The myelodysplastic syndromes (MDS) comprise a heterogeneous group of malignant hematopoietic stem cell disorders characterized by dysplastic and ineffective blood cell production and a variable risk of transformation to acute leukemia. These disorders may occur de novo or arise years after exposure to potentially mutagenic therapy (e.g., radiation exposure, chemotherapy). MDS occurs in 3-4 individuals per 100,000 in the US population. Prevalence increases with age. For instance, in individuals aged 60 and above, prevalence is 7–35 per 100,000 [1]. Other series have reported higher rates [2] but those studies were based on Medicare reporting and not on histopathological diagnoses.

Primary ciliary dyskinesia is an autosomal recessive genetic disorder characterized by the impairment of ciliary motility in the ciliated epithelial lining cells resulting in defective mucociliary clearance in the upper and lower respiratory tract, paranasal sinuses, eustachian tube, middle ear, and fallopian tubes. Common manifestations include bronchiectasis, rhinosinusitis, situs inversus, and fertility problems [3, 4]. The total number of individuals with PCD in the United States is estimated at 12,000 to 17,000 [5]. Commonly quoted figures for prevalence are between 1 : 4000 and 1 : 40 000, with the true prevalence probably about 1 : 10 000 [6, 7].

The concurrent occurrence of both myelodysplastic syndrome and primary ciliary dyskinesia has never been reported in the same patient in literature to the best of the authors’ knowledge.

2. Case Presentation

An 20-year-old male presented to the hospital with chief complaints of fever, chills, and shortness of breath. The chest radiograph at admission showed right middle lobe pneumonia with heavy growth of Streptococcus pneumoniae from his sputum without any bacteremia in his blood. On further evaluation, CT scan of the chest revealed right middle lobe and lingular infiltrate with evidence of central bronchiectasis (Figure 1) and CT scan of the sinuses showed severe congestion and inflammation of the frontal, maxillary, and ethmoid sinuses. The pulmonary function test showed predominantly obstruction of the small airways with no improvement after albuterol administration. A marked decrease in the diffusion capacity of the lung with a restrictive pattern was also noted.

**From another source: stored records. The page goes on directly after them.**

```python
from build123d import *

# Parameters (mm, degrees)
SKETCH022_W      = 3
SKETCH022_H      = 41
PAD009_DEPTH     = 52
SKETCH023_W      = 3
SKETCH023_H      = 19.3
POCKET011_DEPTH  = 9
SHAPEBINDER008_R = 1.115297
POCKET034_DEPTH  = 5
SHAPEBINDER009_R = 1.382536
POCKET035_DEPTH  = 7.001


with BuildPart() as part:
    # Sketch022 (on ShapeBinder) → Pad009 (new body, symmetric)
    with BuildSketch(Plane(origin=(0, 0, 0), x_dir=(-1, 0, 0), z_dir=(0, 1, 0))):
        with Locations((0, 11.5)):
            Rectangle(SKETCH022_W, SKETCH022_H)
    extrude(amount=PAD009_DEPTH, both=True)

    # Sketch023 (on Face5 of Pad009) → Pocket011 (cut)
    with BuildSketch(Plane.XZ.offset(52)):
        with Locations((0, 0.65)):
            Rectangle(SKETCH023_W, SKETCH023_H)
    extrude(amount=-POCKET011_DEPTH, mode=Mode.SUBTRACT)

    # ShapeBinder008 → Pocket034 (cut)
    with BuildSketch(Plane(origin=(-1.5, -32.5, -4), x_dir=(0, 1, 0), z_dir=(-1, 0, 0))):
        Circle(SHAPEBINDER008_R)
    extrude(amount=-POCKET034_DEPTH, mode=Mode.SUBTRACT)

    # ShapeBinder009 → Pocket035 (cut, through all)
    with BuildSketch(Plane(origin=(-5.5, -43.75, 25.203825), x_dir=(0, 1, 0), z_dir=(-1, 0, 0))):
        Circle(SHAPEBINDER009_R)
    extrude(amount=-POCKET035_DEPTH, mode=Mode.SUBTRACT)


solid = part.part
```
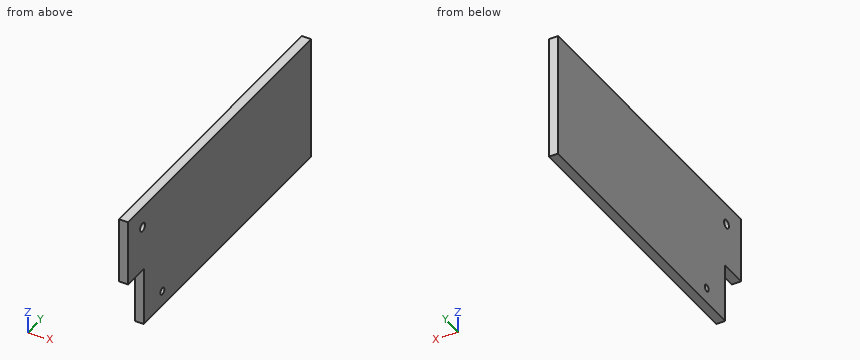
The listing builds one solid part. Answer for the finished solid, in the listing's coordinates (mm). Coordinates: 2 decimals unless noted, no trailing zeros. Write each loop counter-clockwise with the first axis right and the second up, starting at its lowest first coordinate (ties: lowest second). Pieces come first, ordered by that corner, then holes. Notation, with made-up numbers: (11.25, -14.75) - (58.25, -14.75) arc R32 cw to (58.25, 19.25) - close; hole circle Ø11 at (-1, 61.5). An arc over 180 degrees is marked (long way). Return JSON: item names as keys, results as strings. Group by question number.
1. Straight lines are drawn through the part: L1, parallel to Z at x = 0.4, y = -43.75; L2, parallel to Z at x = 0.1, y = -32.5; L3, parallel to Y at x = -0.25, z = -4. For each, find the intervals that lie inside material, in ascending order.
2. A cutting plane is placed at B-B, the plane z = -4. Determine the outline of the cut face in (x, y), plus the area to 3 significant figures.
3. A cutting plane is placed at D-D, the plane z = 0.5. Determine the outline of the cut face in (x, y).
4. A cutting plane is placed at C-C, the plane x = -0.75. Determine the outline of the cut face in (y, z).
5. Given pin 1 (1.5 mm diameter, centred on x = -0.5, y = -47.5, fed in from -Z); pin 2 (2 mm diameter, centred on y = -32.5, z = -4, fed in from +X), each flat-ended and moving along its own axis, determine where each tip first touches the part or whether it passes through.
6. A cutting plane is placed at A-A, the plane y = -32.5. Determine the outline of the cut face in (x, z).
Ans:
{
 "1": {"L1": "10.3 to 23.82, 26.59 to 32", "L2": "-9 to -5.12, -2.88 to 32", "L3": "-43 to -33.62, -31.38 to 52"},
 "2": {"outline": "(-1.5, -43) - (1.5, -43) - (1.5, -33.62) - (-1.5, -33.62) - close; (-1.5, -31.38) - (1.5, -31.38) - (1.5, 52) - (-1.5, 52) - close", "area": "278 mm²"},
 "3": {"outline": "(-1.5, -43) - (1.5, -43) - (1.5, 52) - (-1.5, 52) - close"},
 "4": {"outline": "(-52, 10.3) - (-43, 10.3) - (-43, -9) - (52, -9) - (52, 32) - (-52, 32) - close; hole circle Ø2.77 at (-43.75, 25.2); hole circle Ø2.23 at (-32.5, -4)"},
 "5": {"pin 1": "z = 10.3", "pin 2": "through"},
 "6": {"outline": "(-1.5, -9) - (1.5, -9) - (1.5, -5.12) - (-1.5, -5.12) - close; (-1.5, -2.88) - (1.5, -2.88) - (1.5, 32) - (-1.5, 32) - close"}
}

Further tests were ordered to explore the possibility of a multisystem disease and semen analysis showed a marked absence in motility of the sperm, thereby explaining PCD to be the probable cause of all his symptoms.

Biopsy of the nasal mucosa was obtained to prove the preliminary diagnosis and to obtain tissue for genetic testing. On electron microscopy of the biopsy specimen most of the cilia present in the epithelial cells of the ciliated epithelium lacked the inner dynein arms and some cilia lacked both dynein arms, thereby confirming the diagnosis of PCD.

During the subsequent visit for followup, the patient complained of worsening of his shortness of breath without any response to medical and respiratory therapy. At this time the patient was also found to have pancytopenia with platelet count of 57,000 cells/cu·mm, WBC count of 4,700 cells/cu·mm, and hemoglobin was 7.2 g/dL. Vitamin B12 and folate levels were normal and no source of infection could be identified after repeated tests and serial scans. Serology for Epstein-Barr virus, HHV1, HHV2, and mumps was negative. The workup for anemia only revealed a low reticulocyte count indicating bone marrow failure being the probable cause of pancytopenia. The patient underwent a bone marrow biopsy to identify the cause of marrow failure in the absence of any infection which revealed high-grade dysplasia and atypical localization of immature precursor cells in the bone marrow clinching the diagnosis of myelodysplastic syndrome (MDS). The bone marrow aspirate was sent for flow cytometry analysis and the results showed deletion of the D7S522 region in the long arm of chromosome 7 (also deletion of D20S108 of chromosome 20 at q12) characteristic of myelodysplastic syndrome or an evolving acute myeloid leukemia. Also observed in flow cytometry was a deletion in the short arm of chromosome 7 at sites 7p14-21, responsible for protein DNAH11, one of the proteins involved in the assembly of the dynein arm. FISH analysis was also done on this patient and was observed to be in concordance with flow cytometry results. Further cytogenetic testing did not reveal the presence of any further mutations. This concurrent presence of two deletions in the same chromosome helped to understand the probable etiology in development of these two distinct rare conditions simultaneously and their presentation in such a short rapid time interval. IPSS-R score was 4, classified as intermediate with a median survival time of 3 years and time for 25% of patients to progress to AML: 3.2. The severity of the disease processes warranted referral to a bone marrow transplant center where he was promptly pretreated with Fludarabine and Busulfan and underwent homologous stem cell transplant from his HLA compatible brother.

Regular followup at the tertiary care center showed good response of the transplanted bone marrow without any evidence of graft versus host disease (GVHD). He is also regularly followed up by a pulmonologist for management of his PCD.

3. Discussion

Primary ciliary dyskinesia and myelodysplastic syndrome are rare clinical conditions by themselves and have never been reported to occur together in the same patient in the literature. Of added significance is the fact that the patient was found to have MDS at the age of 20. The incidence of MDS in this age group, 20–24 years, is 0.1% of the the total incidence of MDS across all age groups [8].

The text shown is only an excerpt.